Pangolin to open up the home lab to the Internet without depending on Cloudflare
After putting the VPS admin panels behind Cloudflare Tunnel and Access, it's time to deal with the other side of the network, the home lab. I don't want Home Assistant, the NAS, the cameras, and the Raspberry going through Cloudflare's edge every time I open the app on my phone. Pangolin is the self-hosted piece that does the same thing (zero open ports, identity before the first byte) but keeps the entire data path inside my own infrastructure.

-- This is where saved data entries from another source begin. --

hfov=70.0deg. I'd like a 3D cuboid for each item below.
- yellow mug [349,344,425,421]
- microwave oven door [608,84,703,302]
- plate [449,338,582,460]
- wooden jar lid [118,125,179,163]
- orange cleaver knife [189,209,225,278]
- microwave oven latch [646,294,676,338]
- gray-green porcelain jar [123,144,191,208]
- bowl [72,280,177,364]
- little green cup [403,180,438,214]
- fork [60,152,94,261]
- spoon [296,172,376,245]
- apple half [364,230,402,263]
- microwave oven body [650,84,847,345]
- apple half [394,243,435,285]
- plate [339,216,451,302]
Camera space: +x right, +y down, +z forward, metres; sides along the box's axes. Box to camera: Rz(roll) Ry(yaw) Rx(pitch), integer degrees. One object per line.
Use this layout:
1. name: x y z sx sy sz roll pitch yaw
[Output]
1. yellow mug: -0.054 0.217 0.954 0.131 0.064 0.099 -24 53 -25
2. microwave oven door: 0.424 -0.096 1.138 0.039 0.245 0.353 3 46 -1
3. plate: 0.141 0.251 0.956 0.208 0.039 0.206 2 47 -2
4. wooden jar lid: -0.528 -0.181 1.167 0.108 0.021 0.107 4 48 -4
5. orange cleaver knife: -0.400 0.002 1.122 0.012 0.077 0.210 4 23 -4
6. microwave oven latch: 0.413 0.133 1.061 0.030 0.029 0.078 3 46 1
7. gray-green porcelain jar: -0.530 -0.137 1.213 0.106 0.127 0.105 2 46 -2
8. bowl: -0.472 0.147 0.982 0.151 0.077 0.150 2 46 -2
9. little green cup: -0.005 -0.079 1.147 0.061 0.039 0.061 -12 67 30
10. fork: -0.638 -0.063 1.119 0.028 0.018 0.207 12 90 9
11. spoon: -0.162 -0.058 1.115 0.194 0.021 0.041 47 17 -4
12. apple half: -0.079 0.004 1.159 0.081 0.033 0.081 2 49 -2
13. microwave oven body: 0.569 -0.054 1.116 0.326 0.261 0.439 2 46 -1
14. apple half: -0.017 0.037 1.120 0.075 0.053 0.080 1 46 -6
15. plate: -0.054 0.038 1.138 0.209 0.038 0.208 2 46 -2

I just wrapped up the migration of the VPS admin panels behind Cloudflare Tunnel and Access, and now my head is on the other side of the network, the home lab. I've got Home Assistant orchestrating lights, blinds, and the thermostat, the Synology NAS, the camera panels, a Raspberry running Pi-hole, and a couple more services that only I use (and sometimes my family). Right now all of that lives on the LAN and I get to it through a VPN on the router when I'm away. It works, but the VPN on the router is the most rigid part of the setup, and I'm pretty sure the VPS model (zero open ports, identity before the first byte) is what I want at home too.
The obvious next step would be setting up another Cloudflare Tunnel for the home lab. I ruled that out after thinking it over for a couple of evenings, and today's post is about why, what I'm putting in its place, and how it fits with what I already have on the VPS.
Why Cloudflare's edge doesn't fit my home setup
For the VPS admin panels, Cloudflare is the obvious choice. The zone was already on CF, the apps I'm protecting are work tools, and the traffic going through them belongs to a single user, me. But the home lab is a different kind of thing.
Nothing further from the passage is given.